Nächster Hitzetag im Anmarsch

«Im Flachland sind die Temperaturen vielerorts auf 14 bis 17 Grad gesunken, damit lässt sich am Morgen gut durchlüften», twittert Meteo News. Denn dann Hochsommerwetter hält an. Auch am Donnerstag sollen die Temperaturen über 30 Grad ansteigen – der nächste Hitzetag! In Basel soll es laut SRF Meteo 33 Grad heiss werden. 

Doch so viel Sonne wie gestern gibt es heute nicht. Erste Quellwolken bilden sich bereits im Verlauf des Tages. Und: «Am späten Abend und in der Nacht sind auch im Flachland kräftige Gewitter möglich», schreibt SRF Meteo auf Twitter.

Erster verbreiteter Hitzetag des Jahres in der Schweiz

In der Schweiz ist am Mittwoch in diversen Städten der erste offizielle Hitzetag des Jahres verzeichnet worden.
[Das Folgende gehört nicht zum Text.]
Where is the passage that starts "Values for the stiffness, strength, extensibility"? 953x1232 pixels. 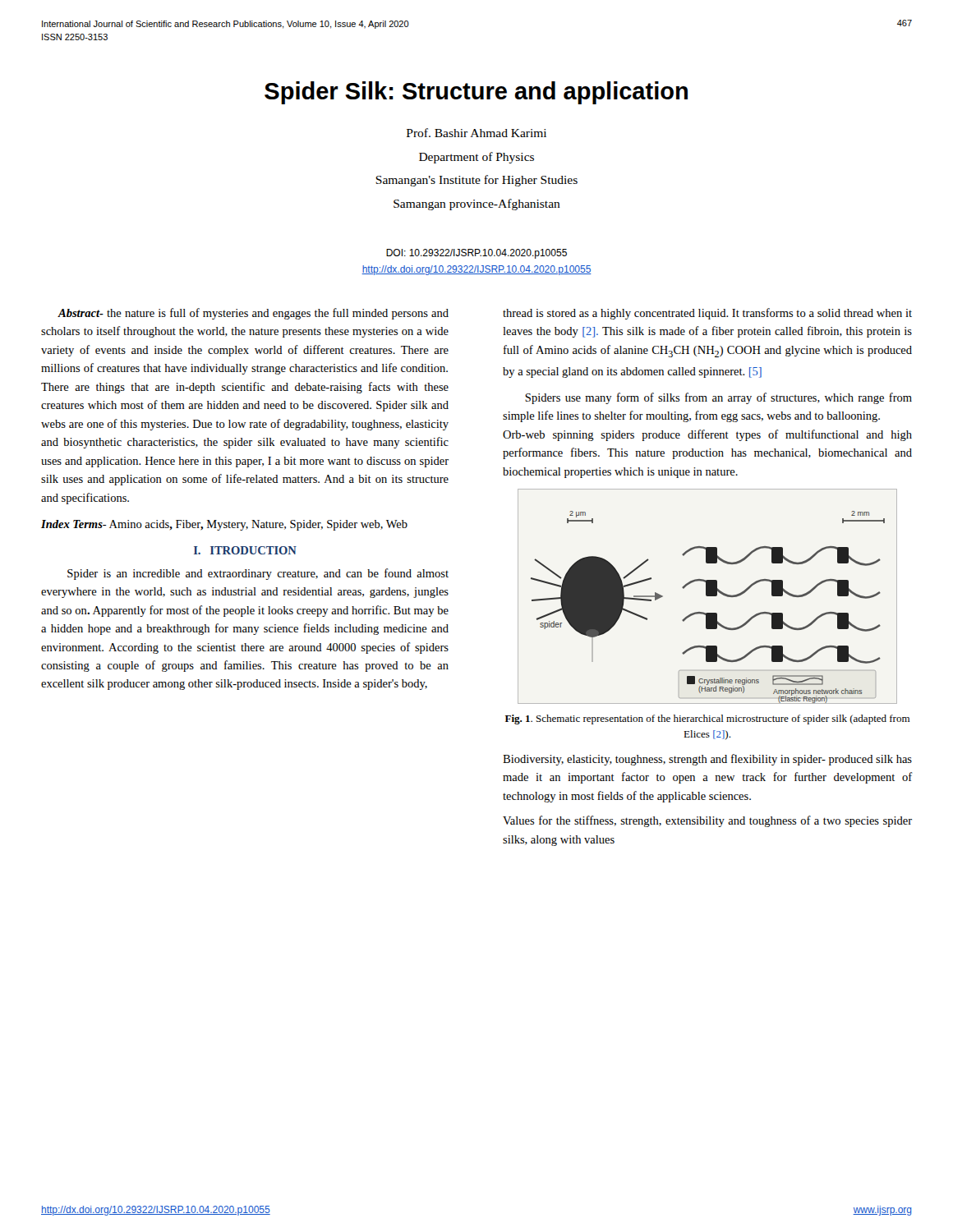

So wurden etwa in Genf 31,6 Grad Celsius gemessen.

Neben Basel stiegen auch in Visp VS und Grenchen die Temperaturen auf über 30 Grad Celsius, nämlich auf 31,5 Grad in Visp und 30,2 Grad in Grenchen SO, wie SRF Meteo mitteilte. Von einem Hitzetag spricht man, wenn die Temperatur auf über 30 Grad steigt. Gemäss einer Karte auf der Website von Meteoschweiz verzeichneten etwa auch Luzern (30,3), Delsberg JU (230,6), und Chur (30,2) einen Hitzetag. Tipps, wie Sie am besten mit der Hitze umgehen können, finden Sie hier.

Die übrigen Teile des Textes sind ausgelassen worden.